Now he inhabits a sparsely furnished, two-bedroom apartment in Gaithersburg, Md., and tools around in a Toyota Corolla.
The apartment, which belongs to a friend, is only temporary, he says, while the 59-year-old Kyaw Win and his immediate family anxiously wait for the State Department to approve their request for political asylum.
He’ll need it. Going back to Burma isn’t exactly the best option, now that Kyaw Win — until recently the country’s second-highest ranking official in the United States — has embarrassed and infuriated the military regime by defecting as a way of protesting its abysmal democracy and human rights record.
“I wanted to send a message to my own government that we need to have a change,” Kyaw Win told The Washington Diplomat in an exclusive interview late one evening as his wife, Khin Win, served tea in traditional ceramic cups. “If we keep going like this, our country will collapse. All our institutions are broken.”
Kyaw Win’s comments to us mark the first time he’s spoken face to face with any journalist since sending a letter to Secretary of State Hillary Clinton announcing his defection and asking the United States to protect him from the regime he faithfully served for 31 years — the last three and a half in Washington as deputy chief of mission at the Embassy of Myanmar. (The regime changed the country’s name in 1989, but exiles and government opponents — along with many newspapers, including this one — still use Burma.)

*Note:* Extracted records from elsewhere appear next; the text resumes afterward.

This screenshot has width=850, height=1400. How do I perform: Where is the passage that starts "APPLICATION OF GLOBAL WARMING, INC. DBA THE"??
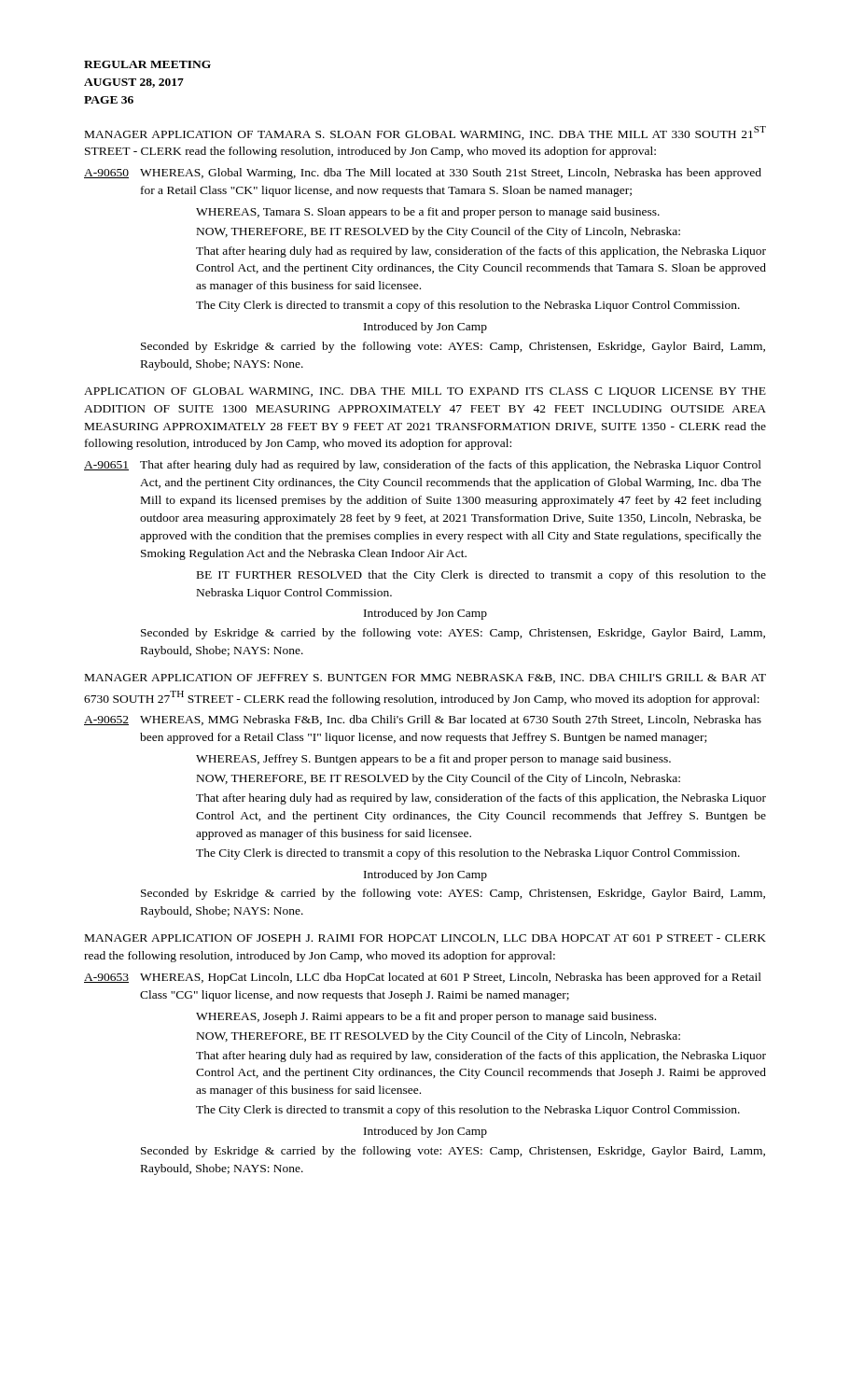tap(425, 417)
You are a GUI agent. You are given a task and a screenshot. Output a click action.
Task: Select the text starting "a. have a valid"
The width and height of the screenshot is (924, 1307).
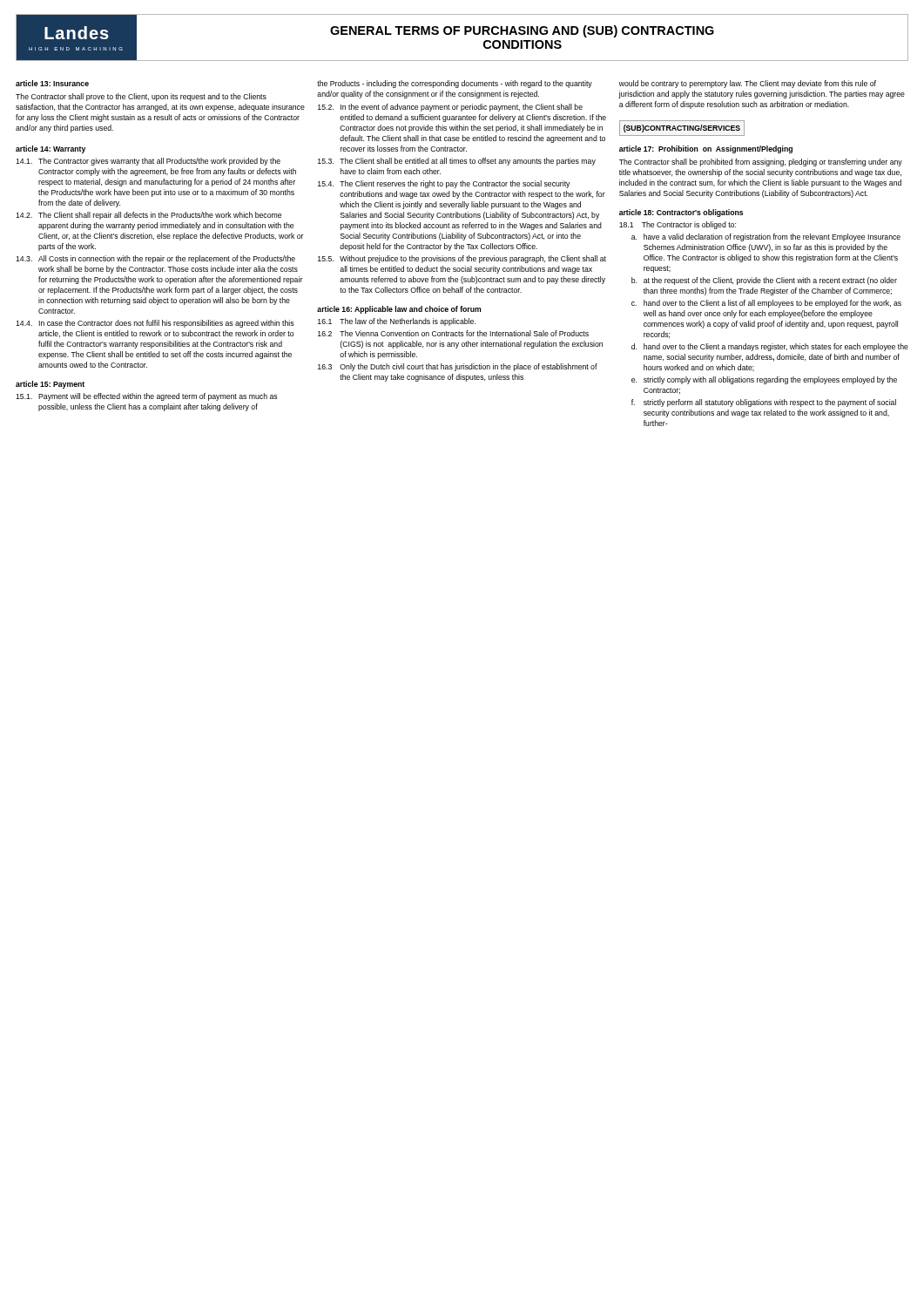coord(770,253)
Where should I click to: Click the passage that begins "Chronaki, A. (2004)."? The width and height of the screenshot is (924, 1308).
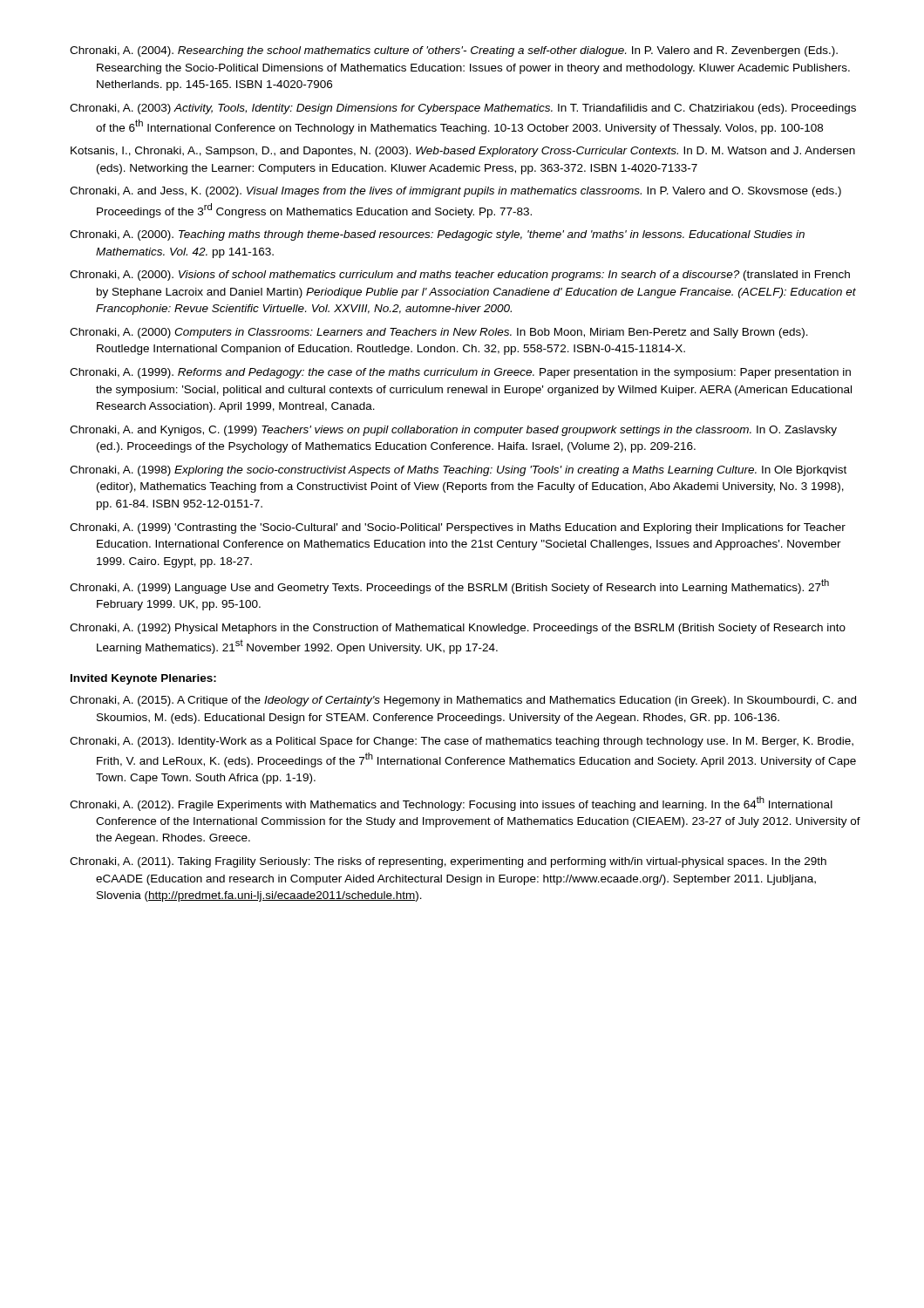pos(460,67)
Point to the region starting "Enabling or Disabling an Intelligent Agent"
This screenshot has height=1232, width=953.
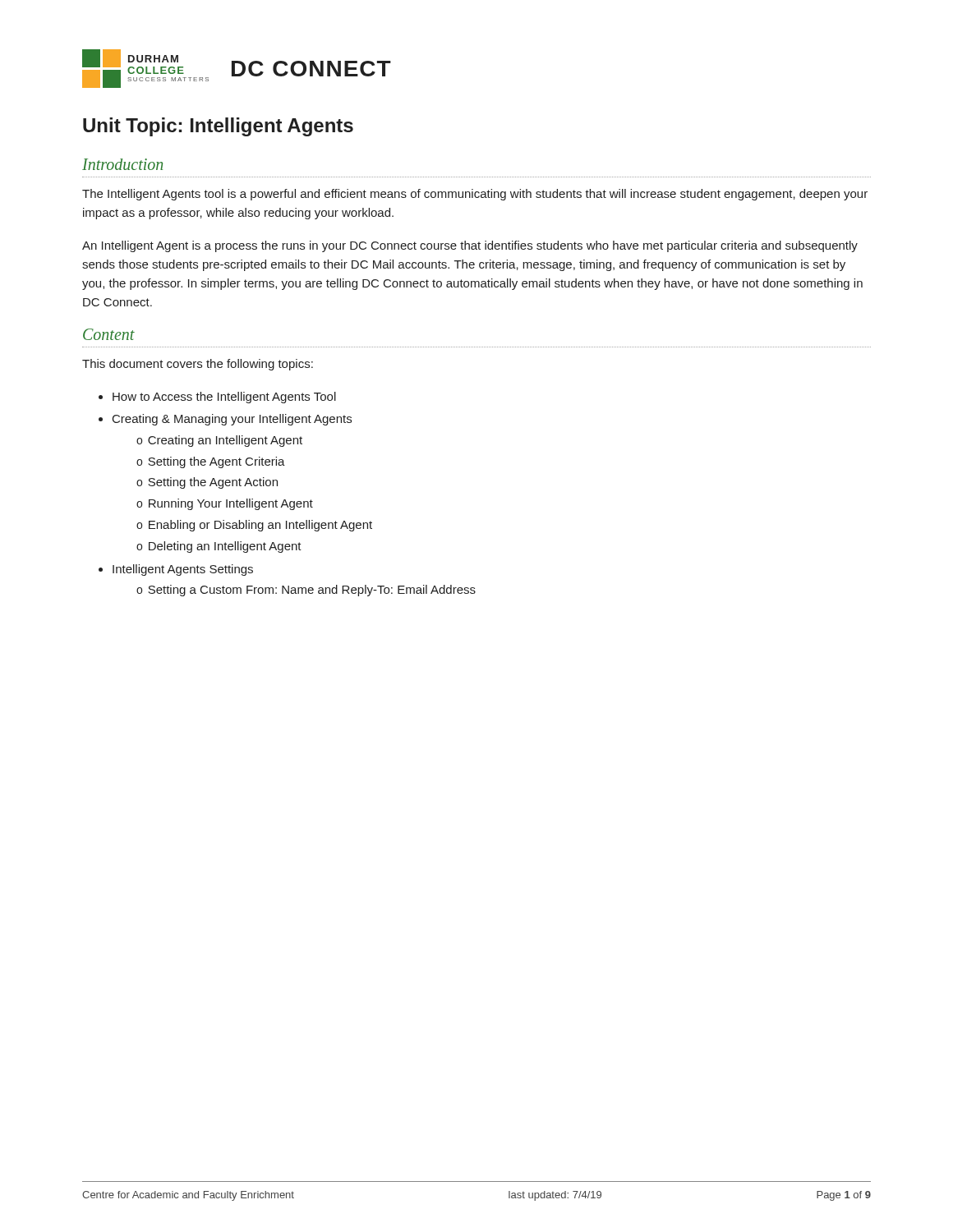(260, 524)

In the July 4 letter, Kyaw Win noted the dictatorship’s systematic abuse of the Southeast Asian country’s 52 million inhabitants. He told Clinton that for years, he kept thinking the situation would improve and that gradual reform should come from the inside. But after last November’s election — intended to show the world that the military junta was transitioning to civilian rule but dismissed by most observers as a sham — the diplomat decided he could no longer work for the bosses he had slowly come to despise.
“The truth is that senior military officials are consolidating their grip on power and seeking to stamp out the voices of those seeking democracy, human rights and individual liberties,” his letter said. “Oppression is rising and war against our ethnic cousins is imminent.”
Nine days later, the embassy’s number-four diplomat, first secretary Soe Aung, also quit and applied for asylum — after being warned that he had 24 hours to return to Burma and face an inquiry over Kyaw Win’s defection. Soe Aung later told Voice of America’s Burmese service that two other diplomats had already been called back to Burma and placed under investigation (also see “Summer of Defections for Burma” in the August 2011 online edition of the Diplomatic Pouch).
But Kyaw Win insists the only person he confided in about his defection was his wife. Neither man — both civilian members of the Foreign Service — knew about the other’s plan to defect, even though they’ve been friends for more than 30 years. Nor, says Kyaw Win, did anyone else at the 14-person embassy know.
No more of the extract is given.